Metastatic disease measurable on a CT or MRI scan. Locally recurrent disease that is not amenable to potentially curative surgery or radiation therapy is also allowed. Lesions must be ≥ 10 mm in size. The primary tumor is not considered measurable disease. Recurrent or metastatic lesions within a prior radiation field are acceptable as long as disease has progressed in the radiation field by RECIST criteria. The same imaging modality performed at baseline (CT or MRI) will be repeated at subsequent imaging.

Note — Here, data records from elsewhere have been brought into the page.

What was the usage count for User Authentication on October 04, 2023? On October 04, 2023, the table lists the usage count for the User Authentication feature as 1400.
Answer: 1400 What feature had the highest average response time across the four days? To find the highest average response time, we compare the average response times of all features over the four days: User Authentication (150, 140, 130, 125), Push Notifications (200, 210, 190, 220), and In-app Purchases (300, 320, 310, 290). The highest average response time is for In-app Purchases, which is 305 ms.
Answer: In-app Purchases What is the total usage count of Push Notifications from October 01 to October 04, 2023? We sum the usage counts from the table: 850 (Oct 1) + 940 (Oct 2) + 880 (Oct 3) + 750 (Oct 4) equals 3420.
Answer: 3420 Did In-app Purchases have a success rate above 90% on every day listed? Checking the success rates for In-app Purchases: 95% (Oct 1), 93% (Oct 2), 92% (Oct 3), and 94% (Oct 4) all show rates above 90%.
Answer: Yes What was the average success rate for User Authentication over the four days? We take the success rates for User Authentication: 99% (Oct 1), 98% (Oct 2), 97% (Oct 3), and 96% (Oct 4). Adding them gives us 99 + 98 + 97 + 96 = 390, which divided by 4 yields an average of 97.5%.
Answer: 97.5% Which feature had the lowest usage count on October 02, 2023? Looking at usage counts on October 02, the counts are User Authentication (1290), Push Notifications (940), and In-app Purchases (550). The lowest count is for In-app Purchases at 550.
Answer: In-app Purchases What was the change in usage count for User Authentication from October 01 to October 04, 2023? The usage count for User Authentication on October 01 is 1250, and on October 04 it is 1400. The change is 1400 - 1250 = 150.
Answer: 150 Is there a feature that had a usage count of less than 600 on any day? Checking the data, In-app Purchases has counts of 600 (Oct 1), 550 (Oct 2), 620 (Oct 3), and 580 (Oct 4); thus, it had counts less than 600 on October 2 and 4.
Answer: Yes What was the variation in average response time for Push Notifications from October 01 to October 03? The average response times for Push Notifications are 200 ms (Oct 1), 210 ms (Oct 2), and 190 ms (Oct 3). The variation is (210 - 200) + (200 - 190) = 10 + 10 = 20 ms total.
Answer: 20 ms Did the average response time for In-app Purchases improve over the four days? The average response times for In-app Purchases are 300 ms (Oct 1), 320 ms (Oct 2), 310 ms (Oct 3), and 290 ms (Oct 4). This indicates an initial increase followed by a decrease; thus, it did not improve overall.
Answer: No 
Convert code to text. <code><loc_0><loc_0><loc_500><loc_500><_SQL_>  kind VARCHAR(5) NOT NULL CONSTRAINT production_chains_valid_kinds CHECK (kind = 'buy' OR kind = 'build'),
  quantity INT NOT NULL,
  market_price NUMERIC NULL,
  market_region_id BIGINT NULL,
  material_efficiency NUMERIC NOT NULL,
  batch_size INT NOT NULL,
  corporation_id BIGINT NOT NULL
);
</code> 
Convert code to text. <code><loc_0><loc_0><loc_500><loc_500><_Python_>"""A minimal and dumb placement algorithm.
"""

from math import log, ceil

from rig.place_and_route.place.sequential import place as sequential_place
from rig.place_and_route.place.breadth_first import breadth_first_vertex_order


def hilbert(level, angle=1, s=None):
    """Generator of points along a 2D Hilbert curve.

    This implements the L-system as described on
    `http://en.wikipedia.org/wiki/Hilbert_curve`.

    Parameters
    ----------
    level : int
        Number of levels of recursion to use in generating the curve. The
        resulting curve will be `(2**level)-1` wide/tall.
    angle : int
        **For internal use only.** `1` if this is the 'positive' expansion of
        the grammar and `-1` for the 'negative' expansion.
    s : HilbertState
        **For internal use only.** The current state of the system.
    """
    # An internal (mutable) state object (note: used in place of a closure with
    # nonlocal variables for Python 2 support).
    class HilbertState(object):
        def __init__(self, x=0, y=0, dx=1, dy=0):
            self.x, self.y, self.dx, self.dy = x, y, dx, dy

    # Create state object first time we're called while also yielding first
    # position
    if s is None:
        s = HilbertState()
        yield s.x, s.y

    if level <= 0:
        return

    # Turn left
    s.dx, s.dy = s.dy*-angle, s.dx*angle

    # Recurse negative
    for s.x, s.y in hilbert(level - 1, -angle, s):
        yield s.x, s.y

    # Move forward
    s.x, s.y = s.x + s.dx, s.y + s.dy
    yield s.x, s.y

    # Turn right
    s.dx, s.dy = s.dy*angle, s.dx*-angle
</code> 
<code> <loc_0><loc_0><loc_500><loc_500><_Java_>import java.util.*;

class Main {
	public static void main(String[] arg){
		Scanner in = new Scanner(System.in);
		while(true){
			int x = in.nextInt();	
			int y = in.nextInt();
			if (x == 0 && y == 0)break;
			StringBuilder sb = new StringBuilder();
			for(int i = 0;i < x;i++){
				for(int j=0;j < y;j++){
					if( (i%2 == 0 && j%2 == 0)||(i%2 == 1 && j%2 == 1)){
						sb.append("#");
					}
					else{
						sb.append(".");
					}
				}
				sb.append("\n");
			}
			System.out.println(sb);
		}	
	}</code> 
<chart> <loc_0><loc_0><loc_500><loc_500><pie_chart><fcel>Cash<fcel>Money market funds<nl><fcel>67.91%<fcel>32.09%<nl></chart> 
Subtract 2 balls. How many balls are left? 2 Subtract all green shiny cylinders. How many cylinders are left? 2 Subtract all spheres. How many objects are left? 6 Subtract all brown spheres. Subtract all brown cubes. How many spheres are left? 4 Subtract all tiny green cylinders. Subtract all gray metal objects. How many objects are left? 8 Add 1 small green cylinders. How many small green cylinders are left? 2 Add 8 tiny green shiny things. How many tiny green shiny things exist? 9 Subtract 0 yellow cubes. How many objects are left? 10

Patients are allowed to have a maximum of two prior chemotherapy regimens for metastatic disease. Patients are allowed to have a maximum of three prior regimens if they also previously received neoadjuvant/adjuvant chemotherapy or chemoradiotherapy. The last treatment must have been administered > 3 weeks prior to initiation of therapy with sorafenib.
Pathologic tissue must be available for immunohistochemistry (IHC) staining for phosphorylated extracellular signal-regulated kinase (pERK). Both patients with and without pERK staining are eligible for treatment. Submission of slides and IHC testing for pERK may be done during the course of therapy and are not required prior to protocol therapy.
Age ≥ 18 years.
Life expectancy > 3 months.
Karnofsky performance status ≥ 60%.
Patients must have the ability to comprehend and willingness to sign an informed consent document.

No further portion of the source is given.